Not only would this make sense as a final film chronologically, it would also go a long way to protecting Tarantino’s legacy.

After all, the reveal that he near fatally injured Uma Thurman on the set of Kill Bill by forcing her to do a stunt she didn’t want to do is probably the biggest black mark against his reputation.

Working with her again to conclude the trilogy would be the best way to ensure his canon can be comfortably be revisited, which is one of the driving forces of his decision to retire in the first place.

Killer Crow

Brad Pitt in Inglourious Basterds (credit: Miramax)
Brad Pitt in Inglourious Basterds (credit: Miramax)

One potential wildcard is a project Tarantino’s been talking about since 2012, Killer Crow.
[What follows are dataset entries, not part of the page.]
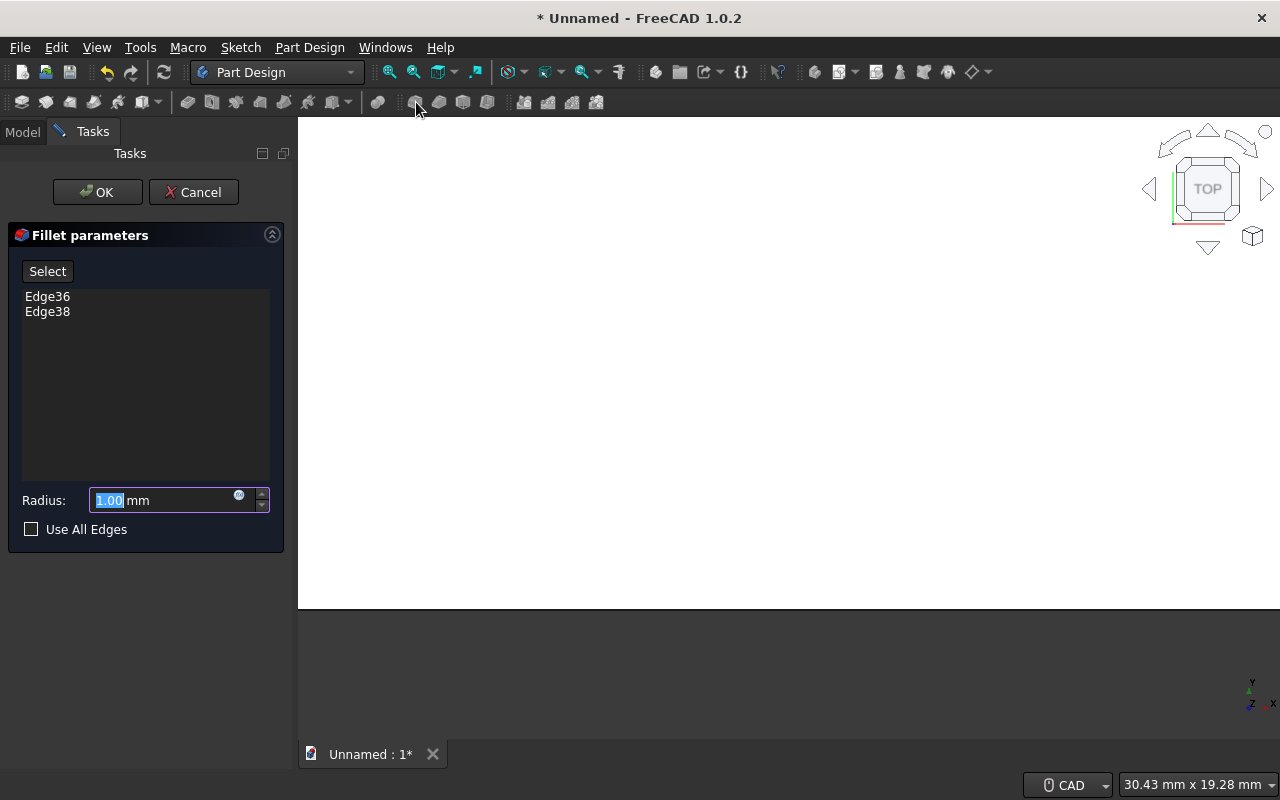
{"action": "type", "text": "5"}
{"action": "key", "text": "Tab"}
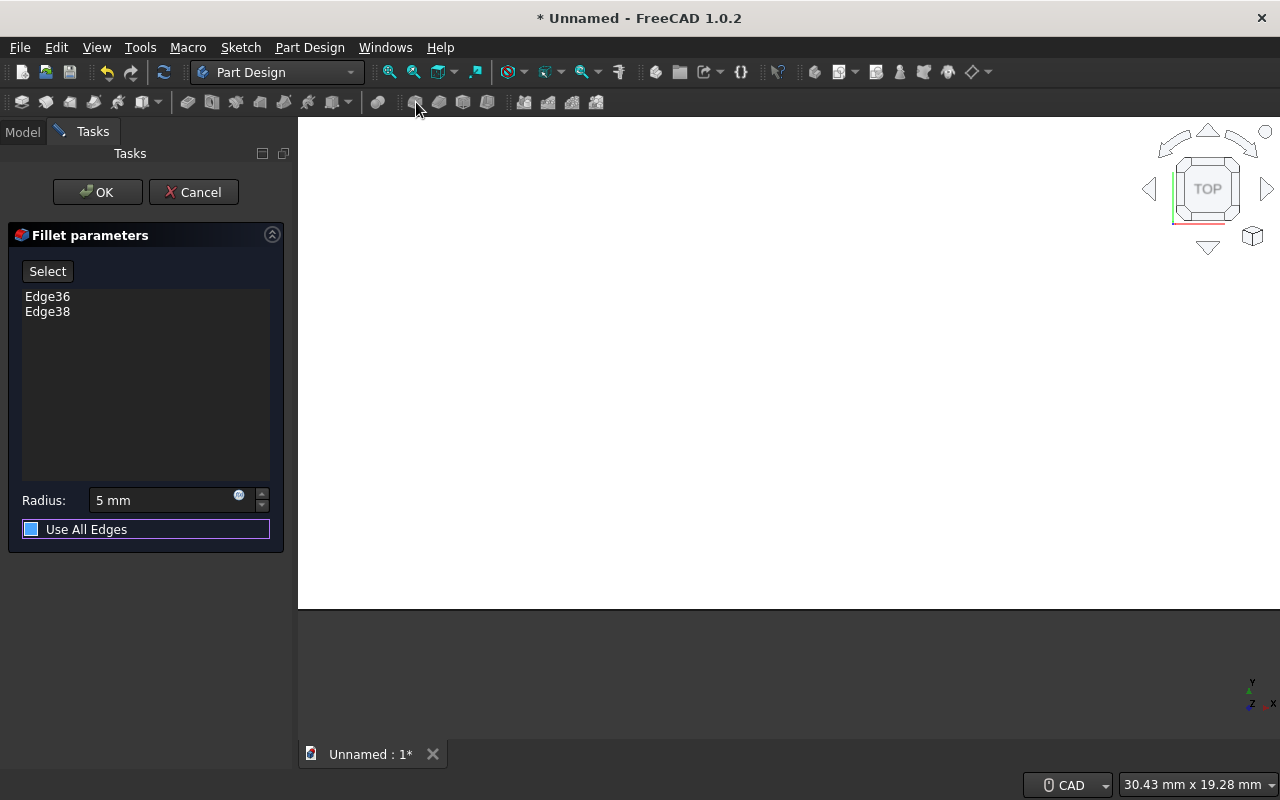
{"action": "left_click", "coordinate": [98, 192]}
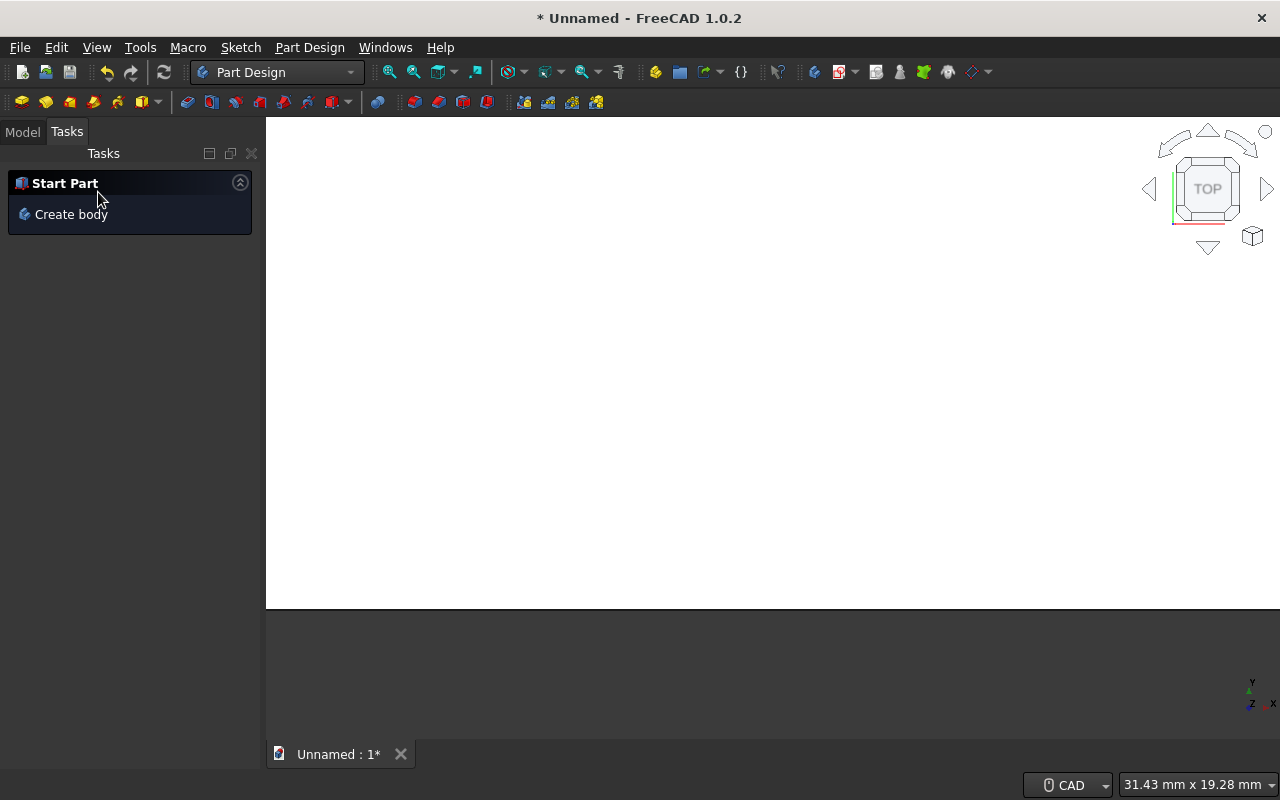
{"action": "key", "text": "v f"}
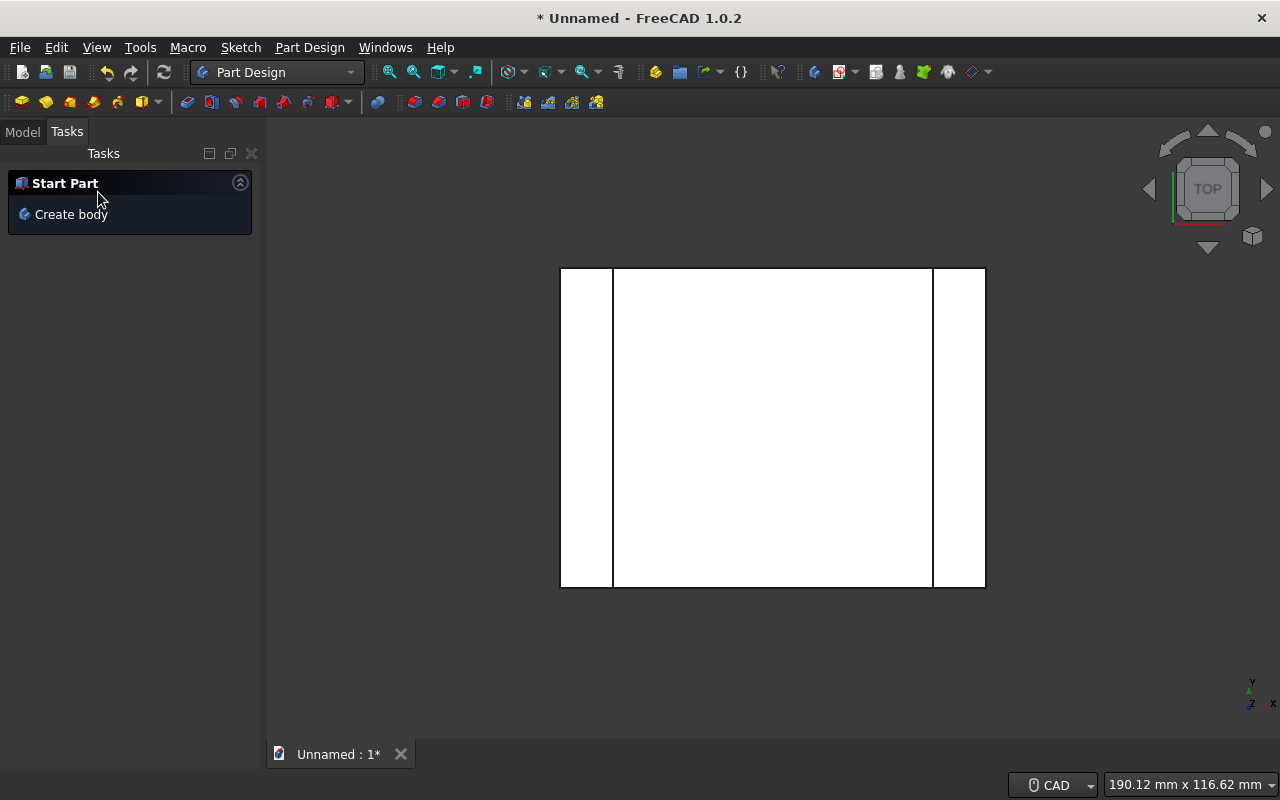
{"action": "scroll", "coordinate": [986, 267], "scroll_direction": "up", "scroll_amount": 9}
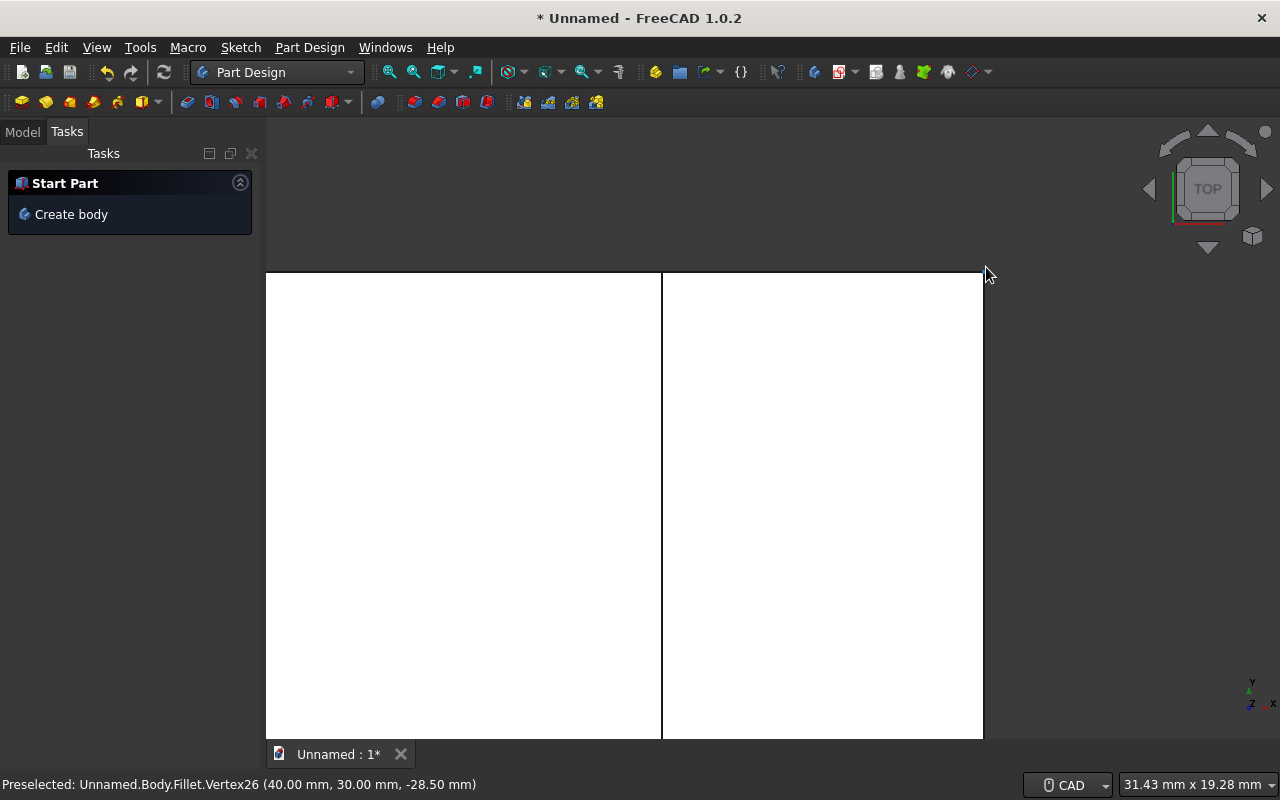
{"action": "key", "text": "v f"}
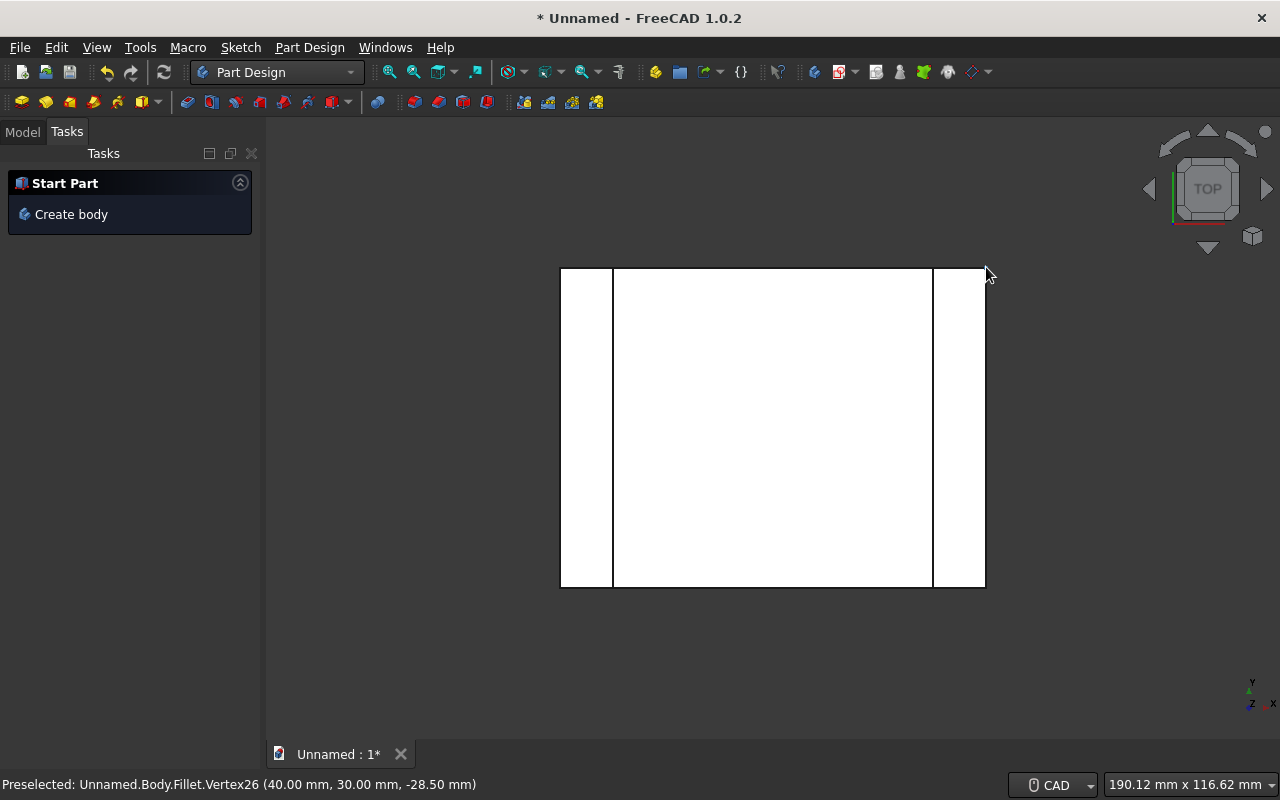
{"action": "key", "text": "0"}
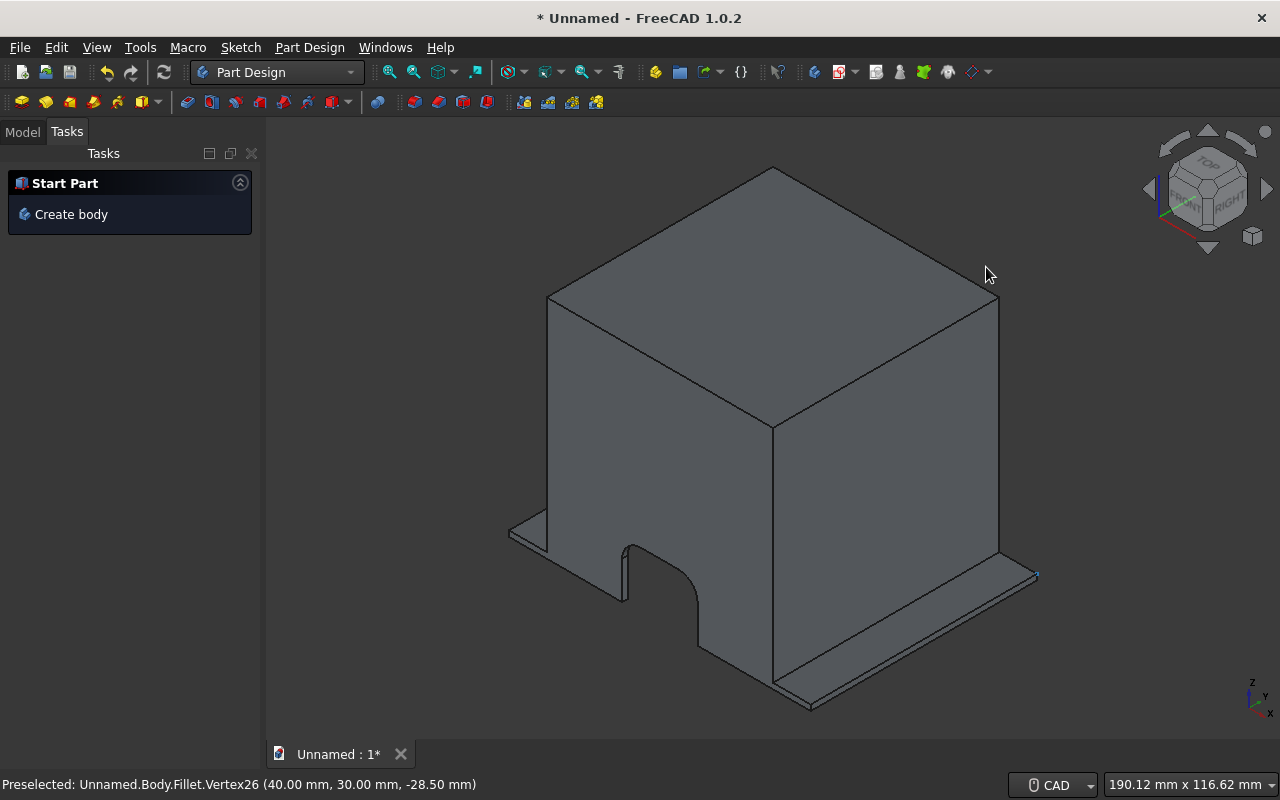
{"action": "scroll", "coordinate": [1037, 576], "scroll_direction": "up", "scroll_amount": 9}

We’ll let Quentin explain that one.

“My original idea for Inglourious Basterds way back when was that this [would be] a huge story that included the [smaller] story that you saw in the film, but also followed a bunch of black troops, and they had been f****ed over by the American military.

“They basically — the way Lt. Aldo Raines (Brad Pitt) and the Basterds are having an ‘Apache resistance’ — [the] black troops go on an Apache warpath and kill a bunch of white soldiers and white officers on a military base and are just making a warpath to Switzerland.”

“So that was always going to be part of it. And I was going to do it as a miniseries, and that was going to be one of the big storylines. When I decided to try to turn it into a movie, that was a section I had to take out to help tame my material.

“I have most of that written. It’s ready to go; I just have to write the second half of it…That would be the third of the trilogy. It would be [connected to] Inglourious Basterds, too, because Inglourious Basterds are in it, but it is about the soldiers. It would be called Killer Crow or something like that.”

With The Hateful Eight being split into a four-part mini-series by Netflix (with Tarantino’s blessing), this one seems likely to turn up a series rather than a movie, but it would still work perfectly as Tarantino’s 10th film.

Django V Zorro

ROME , ITALY - JANUARY 04 : US actor Jamie Foxx and Director Quentin Tarantino pose during the photocall of the film 'Django Unchained' in Rome on January 4, 2013. Photo by Guido Marzilla/Gamma. (Photo by Guido MARZILLA/Gamma-Rapho via Getty Images)
Jamie Foxx and Director Quentin Tarantino pose during the photocall of the film 'Django Unchained' in Rome. (Photo by Guido MARZILLA/Gamma-Rapho via Getty Images)

Django Unchained is arguably Tarantino’s best film (shut up, it’s true), and the idea of a big screen adaptation of the comic-book spin-off that pits Django against swashbuckling cinematic icon Zorro is a jaw-dropping prospect.

Tarantino’s provided an outline and, as with Star Trek he’s hired someone else to write the script (Jerrod Carmichael of The Carmichael Show), so there’s a possibility he’ll decide to direct it himself. Of everything on this list, this is probably the most unlikely. But we’d really love to see it.

Untitled western

Leonardo DiCaprio in Once Upon A Time In Hollywood (credit Sony)
Leonardo DiCaprio in Once Upon A Time In Hollywood (credit)

Of course, if Django vs Zorro doesn’t happen, there will be unfinished business on Tarantino’s cinematic CV. He’s talked about wanting to do a western trilogy and, while Once Upon a Time In Hollywood contains western elements (with Leonardo DiCaprio’s Rick Dalton the star of a western television series), it probably doesn’t count.

For all the talk of Star Trek and Kill Bill, we can’t help but think Tarantino’s final film could surprise everyone. And that would probably be the most fitting way to end his film career of all the possible options.

Once Upon A Time In Hollywood is in UK cinemas on 15 August.